TASK:
In the answer, transcribe exactly the lines from the beginning of the material through the line holding "text Antwoord 1 [422, 1004, 1087, 1026]", and skip every picture.
(RECORDS TO USE)
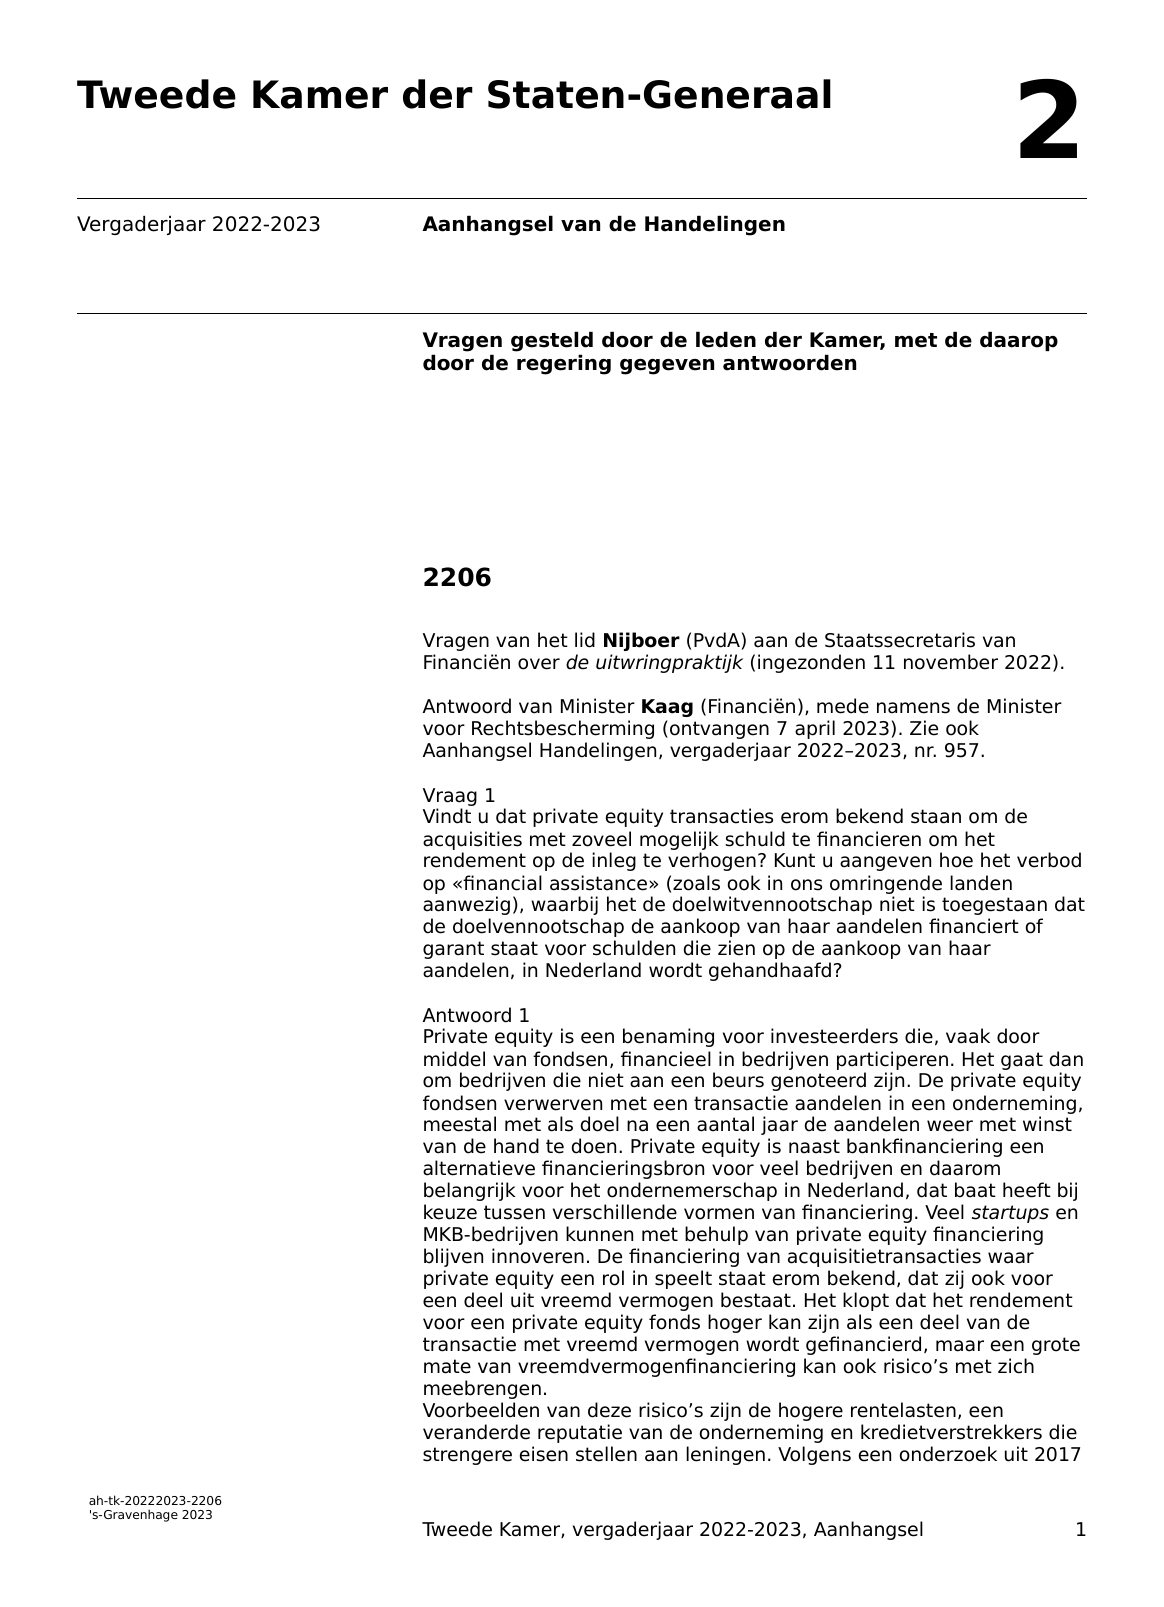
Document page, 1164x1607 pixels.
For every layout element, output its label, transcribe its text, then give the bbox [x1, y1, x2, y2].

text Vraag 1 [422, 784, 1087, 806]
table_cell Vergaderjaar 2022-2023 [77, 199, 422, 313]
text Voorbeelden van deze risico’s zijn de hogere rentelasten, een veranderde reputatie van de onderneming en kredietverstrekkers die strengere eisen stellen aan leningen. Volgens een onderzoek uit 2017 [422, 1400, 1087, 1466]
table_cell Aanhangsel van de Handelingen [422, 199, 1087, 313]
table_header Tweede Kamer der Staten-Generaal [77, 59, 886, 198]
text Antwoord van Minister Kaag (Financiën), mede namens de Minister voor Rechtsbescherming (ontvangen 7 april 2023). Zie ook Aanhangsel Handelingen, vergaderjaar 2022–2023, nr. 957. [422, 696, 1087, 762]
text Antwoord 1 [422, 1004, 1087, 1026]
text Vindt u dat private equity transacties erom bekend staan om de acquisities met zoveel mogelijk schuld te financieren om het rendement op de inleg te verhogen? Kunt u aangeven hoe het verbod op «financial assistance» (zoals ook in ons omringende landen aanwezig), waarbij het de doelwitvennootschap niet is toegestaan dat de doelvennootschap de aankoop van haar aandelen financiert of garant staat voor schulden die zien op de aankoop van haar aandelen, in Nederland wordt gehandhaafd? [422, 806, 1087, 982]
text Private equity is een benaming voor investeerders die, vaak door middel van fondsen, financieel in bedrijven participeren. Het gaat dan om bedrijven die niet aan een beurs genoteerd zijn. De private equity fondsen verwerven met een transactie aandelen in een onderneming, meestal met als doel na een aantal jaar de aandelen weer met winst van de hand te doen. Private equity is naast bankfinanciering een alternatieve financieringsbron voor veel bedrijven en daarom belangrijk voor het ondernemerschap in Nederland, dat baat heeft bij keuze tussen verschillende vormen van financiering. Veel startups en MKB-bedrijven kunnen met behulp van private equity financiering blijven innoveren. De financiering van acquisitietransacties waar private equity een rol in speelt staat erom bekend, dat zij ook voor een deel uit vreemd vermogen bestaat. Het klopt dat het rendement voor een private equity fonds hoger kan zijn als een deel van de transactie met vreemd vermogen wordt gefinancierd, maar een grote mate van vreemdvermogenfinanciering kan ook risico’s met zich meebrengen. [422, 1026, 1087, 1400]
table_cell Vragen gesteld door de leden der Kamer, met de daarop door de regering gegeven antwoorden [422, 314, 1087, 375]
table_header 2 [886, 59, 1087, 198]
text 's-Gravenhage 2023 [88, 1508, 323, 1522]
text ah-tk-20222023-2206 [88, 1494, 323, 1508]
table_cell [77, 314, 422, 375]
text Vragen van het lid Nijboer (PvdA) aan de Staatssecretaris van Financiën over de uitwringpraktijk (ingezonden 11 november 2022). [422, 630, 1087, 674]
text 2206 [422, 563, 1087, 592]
(End RECORDS TO USE)
SOLUTION FOR THIS PROBLEM:
Document page, 1164x1607 pixels.
For every layout element, output its label, transcribe its text, then give the bbox [x1, y1, x2, y2].

text Vraag 1 [422, 784, 1087, 806]
table_cell Vergaderjaar 2022-2023 [77, 199, 422, 313]
text Voorbeelden van deze risico’s zijn de hogere rentelasten, een veranderde reputatie van de onderneming en kredietverstrekkers die strengere eisen stellen aan leningen. Volgens een onderzoek uit 2017 [422, 1400, 1087, 1466]
table_cell Aanhangsel van de Handelingen [422, 199, 1087, 313]
table_header Tweede Kamer der Staten-Generaal [77, 59, 886, 198]
text Antwoord van Minister Kaag (Financiën), mede namens de Minister voor Rechtsbescherming (ontvangen 7 april 2023). Zie ook Aanhangsel Handelingen, vergaderjaar 2022–2023, nr. 957. [422, 696, 1087, 762]
text Antwoord 1 [422, 1004, 1087, 1026]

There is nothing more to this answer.